Brady Ouren

Parser Combinatorz part2

P▲rT2

In the previous post I showed how to use parsec to parse data in a format like this:

"1%400:3.2 6%some_description|100:1"

Why not regex?

I certainly could’ve used a regex pattern like \d\%(\w*\|)?(\d+):(\d+\.?\d?)

…but, there are some scenarios where this falls apart quite quickly:

  • if we learn about other formats of data that can be included
  • if we have other parsing tasks that need similar matchers?
  • if we need to morph the data in some way before matching
  • if the list of possible separators are very large. (\d\%|\$$|\&|...)

An example to prove I’m not making this up

I had never encountered the acronym FFR until I started working in financial software. It stands for Fixed Format Response, but that’s not really important.

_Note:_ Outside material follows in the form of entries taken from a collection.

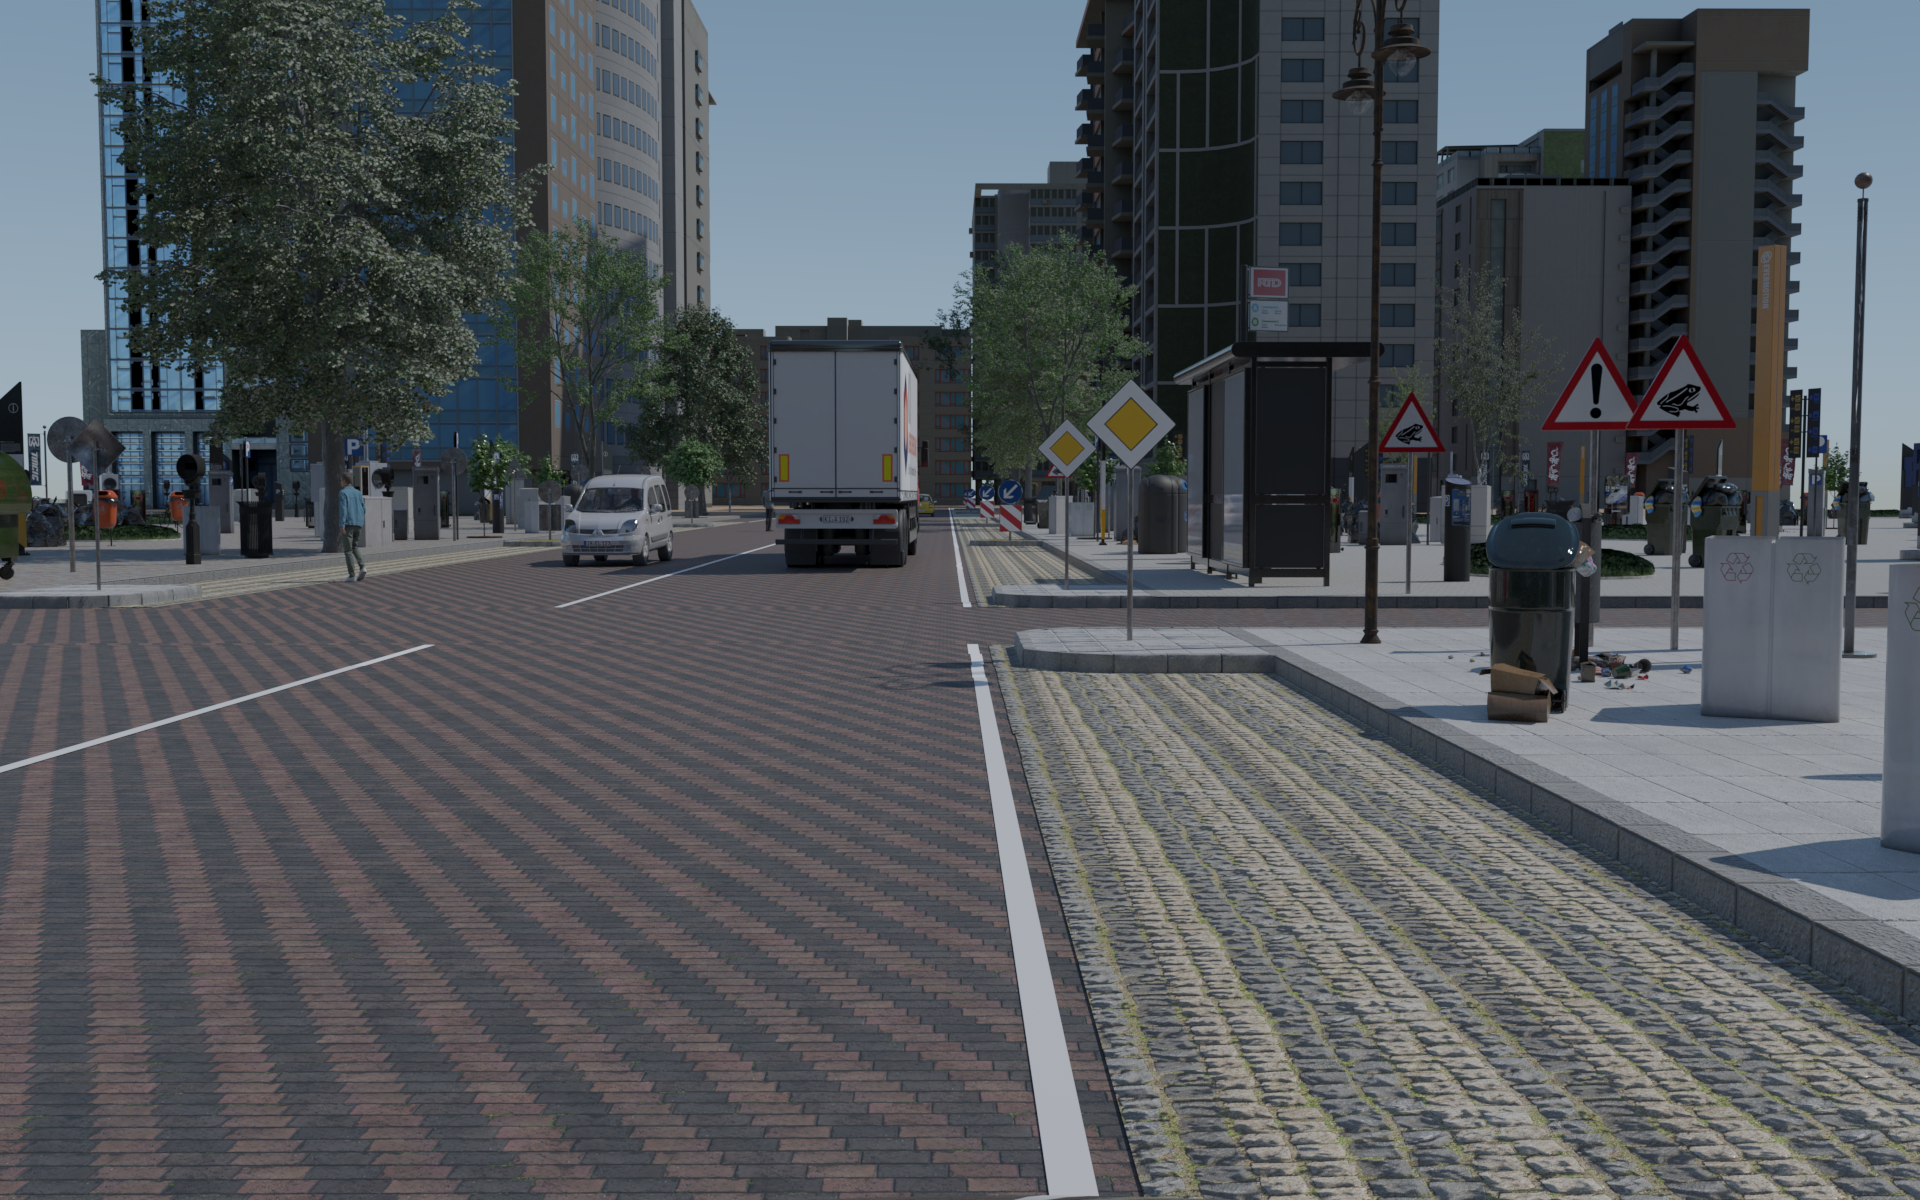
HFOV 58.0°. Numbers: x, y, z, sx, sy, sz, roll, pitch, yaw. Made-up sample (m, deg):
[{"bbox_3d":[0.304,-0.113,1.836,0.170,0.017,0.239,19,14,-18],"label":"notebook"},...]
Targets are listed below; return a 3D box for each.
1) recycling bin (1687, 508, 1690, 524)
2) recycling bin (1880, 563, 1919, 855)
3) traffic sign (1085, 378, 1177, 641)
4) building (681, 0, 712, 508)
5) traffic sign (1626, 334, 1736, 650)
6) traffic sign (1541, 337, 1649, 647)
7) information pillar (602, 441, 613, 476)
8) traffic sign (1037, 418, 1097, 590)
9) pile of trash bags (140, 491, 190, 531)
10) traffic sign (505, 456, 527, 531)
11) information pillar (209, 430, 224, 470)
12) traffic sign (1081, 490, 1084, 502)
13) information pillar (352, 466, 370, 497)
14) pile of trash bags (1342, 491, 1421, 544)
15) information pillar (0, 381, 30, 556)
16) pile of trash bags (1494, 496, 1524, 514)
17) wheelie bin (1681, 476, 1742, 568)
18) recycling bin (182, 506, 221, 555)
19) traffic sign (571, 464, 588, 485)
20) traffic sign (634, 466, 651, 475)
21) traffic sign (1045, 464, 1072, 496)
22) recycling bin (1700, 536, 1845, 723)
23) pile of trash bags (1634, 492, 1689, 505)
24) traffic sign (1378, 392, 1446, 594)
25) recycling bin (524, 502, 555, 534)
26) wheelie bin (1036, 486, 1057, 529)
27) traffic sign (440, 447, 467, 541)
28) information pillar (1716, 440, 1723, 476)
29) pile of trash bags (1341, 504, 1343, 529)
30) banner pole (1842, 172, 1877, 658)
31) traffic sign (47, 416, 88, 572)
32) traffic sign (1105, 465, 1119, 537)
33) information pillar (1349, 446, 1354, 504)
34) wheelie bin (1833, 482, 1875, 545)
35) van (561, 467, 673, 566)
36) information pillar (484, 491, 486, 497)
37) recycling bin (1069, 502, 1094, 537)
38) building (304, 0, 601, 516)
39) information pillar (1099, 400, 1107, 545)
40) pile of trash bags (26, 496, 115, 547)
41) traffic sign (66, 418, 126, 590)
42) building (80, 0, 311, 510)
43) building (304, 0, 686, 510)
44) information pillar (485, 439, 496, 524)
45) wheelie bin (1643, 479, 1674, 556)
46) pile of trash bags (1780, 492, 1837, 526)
[{"bbox_3d":[22.453,-2.427,52.240,0.722,1.027,0.722,0,4,-6],"label":"recycling bin"},{"bbox_3d":[3.818,0.392,6.140,0.722,1.027,0.722,-2,4,-28],"label":"recycling bin"},{"bbox_3d":[1.484,-0.701,15.111,0.795,2.450,0.064,0,4,0],"label":"traffic sign"},{"bbox_3d":[-34.358,-32.499,155.062,21.600,48.544,21.300,0,4,0],"label":"building"},{"bbox_3d":[5.893,-0.869,14.217,0.884,2.594,0.081,0,4,3],"label":"traffic sign"},{"bbox_3d":[5.290,-0.885,14.478,0.884,2.594,0.081,0,4,5],"label":"traffic sign"},{"bbox_3d":[-15.687,-5.238,76.999,0.504,3.616,0.183,-3,5,-40],"label":"information pillar"},{"bbox_3d":[1.423,-1.190,23.096,0.795,2.450,0.064,0,4,0],"label":"traffic sign"},{"bbox_3d":[-25.686,-2.682,53.596,3.447,1.369,1.912,-3,4,-36],"label":"pile of trash bags"},{"bbox_3d":[-15.353,-3.652,59.719,0.884,2.594,0.081,0,4,7],"label":"traffic sign"},{"bbox_3d":[-26.808,-4.352,62.518,0.504,3.616,0.183,0,4,3],"label":"information pillar"},{"bbox_3d":[3.870,-3.336,54.645,0.768,2.556,0.104,0,4,3],"label":"traffic sign"},{"bbox_3d":[-15.631,-2.491,45.221,0.304,2.012,0.304,2,4,25],"label":"information pillar"},{"bbox_3d":[11.295,-2.230,46.207,1.912,1.369,3.447,1,4,14],"label":"pile of trash bags"},{"bbox_3d":[-19.736,-2.736,36.092,0.504,3.616,0.183,0,4,1],"label":"information pillar"},{"bbox_3d":[28.298,-4.940,90.514,3.447,1.369,1.912,3,4,37],"label":"pile of trash bags"},{"bbox_3d":[13.206,-1.367,30.259,0.980,1.594,0.693,-2,4,-35],"label":"wheelie bin"},{"bbox_3d":[-16.083,-1.479,36.730,0.722,1.027,0.722,-2,4,-24],"label":"recycling bin"},{"bbox_3d":[-16.251,-4.517,73.952,0.768,2.556,0.104,0,4,4],"label":"traffic sign"},{"bbox_3d":[-14.286,-4.758,77.907,0.768,2.556,0.104,0,4,1],"label":"traffic sign"},{"bbox_3d":[3.249,-3.502,57.265,0.884,2.594,0.081,0,4,5],"label":"traffic sign"},{"bbox_3d":[4.759,0.148,10.133,0.722,1.027,0.722,2,4,27],"label":"recycling bin"},{"bbox_3d":[38.738,-5.214,94.998,3.447,1.369,1.912,1,4,13],"label":"pile of trash bags"},{"bbox_3d":[5.759,-1.357,22.187,0.884,2.594,0.081,0,4,1],"label":"traffic sign"},{"bbox_3d":[-13.743,-2.697,56.647,0.722,1.027,0.722,3,5,39],"label":"recycling bin"},{"bbox_3d":[3.261,-3.443,64.197,0.693,1.594,0.980,-3,5,-42],"label":"wheelie bin"},{"bbox_3d":[-13.822,-2.886,47.286,0.768,2.556,0.104,1,4,9],"label":"traffic sign"},{"bbox_3d":[32.678,-5.090,74.579,0.183,3.616,0.504,3,5,40],"label":"information pillar"},{"bbox_3d":[12.482,-2.878,56.809,1.912,1.369,3.447,2,4,28],"label":"pile of trash bags"},{"bbox_3d":[6.926,-1.429,13.382,0.401,3.779,0.863,2,4,27],"label":"banner pole"},{"bbox_3d":[-14.580,-1.730,28.389,0.768,2.556,0.104,0,4,1],"label":"traffic sign"},{"bbox_3d":[4.427,-3.015,51.419,0.606,2.300,0.079,0,4,6],"label":"traffic sign"},{"bbox_3d":[19.309,-5.753,85.419,0.183,3.616,0.504,0,4,-6],"label":"information pillar"},{"bbox_3d":[22.735,-2.207,43.999,0.980,1.594,0.693,0,4,4],"label":"wheelie bin"},{"bbox_3d":[-7.059,-1.765,35.863,2.013,2.044,4.112,0,4,1],"label":"van"},{"bbox_3d":[-21.944,-5.449,80.443,0.183,3.616,0.504,2,4,27],"label":"information pillar"},{"bbox_3d":[3.659,-2.443,52.502,0.722,1.027,0.722,-1,4,-8],"label":"recycling bin"},{"bbox_3d":[-30.412,-27.846,105.392,14.600,45.320,14.200,0,4,0],"label":"building"},{"bbox_3d":[3.580,-3.182,43.378,0.183,3.616,0.504,0,4,0],"label":"information pillar"},{"bbox_3d":[-22.317,-1.997,42.396,3.447,1.369,1.912,0,4,-1],"label":"pile of trash bags"},{"bbox_3d":[-11.471,-1.185,23.019,0.795,2.450,0.064,0,4,0],"label":"traffic sign"},{"bbox_3d":[-60.685,-51.347,152.187,31.000,86.520,22.319,0,4,0],"label":"building"},{"bbox_3d":[-32.902,-35.754,126.578,21.231,58.520,28.212,0,4,0],"label":"building"},{"bbox_3d":[-20.008,-5.066,74.187,0.183,3.616,0.504,0,4,6],"label":"information pillar"},{"bbox_3d":[14.832,-1.738,36.329,0.980,1.594,0.693,-2,4,-29],"label":"wheelie bin"},{"bbox_3d":[34.631,-3.755,71.145,1.912,1.369,3.447,3,4,36],"label":"pile of trash bags"}]

The important part is that the FFR we’re dealing with has ~100 different signals which indicate a specific type of data.

So, we’ll create a data type deriving Enum to describe how we expect to split the data up.


data Signal
  = AD02 | AD11 | AH11 | AM01 |
    AO01 | AR01 | AS01 | AT11 | BR01 |
    -- ... more of these removed for reading clarity
    UA11 | UF11 | VH01 | VS01 | WS01 |
    YI01 | ZC01
  deriving (Show, Enum, Ord, Eq, Read)

allSignals :: [String]
allSignals = map show [AD02 ..]

Note: The syntax for allSignals is just enumerating all the constructors. (The space is significant [YourFirstEnum ..])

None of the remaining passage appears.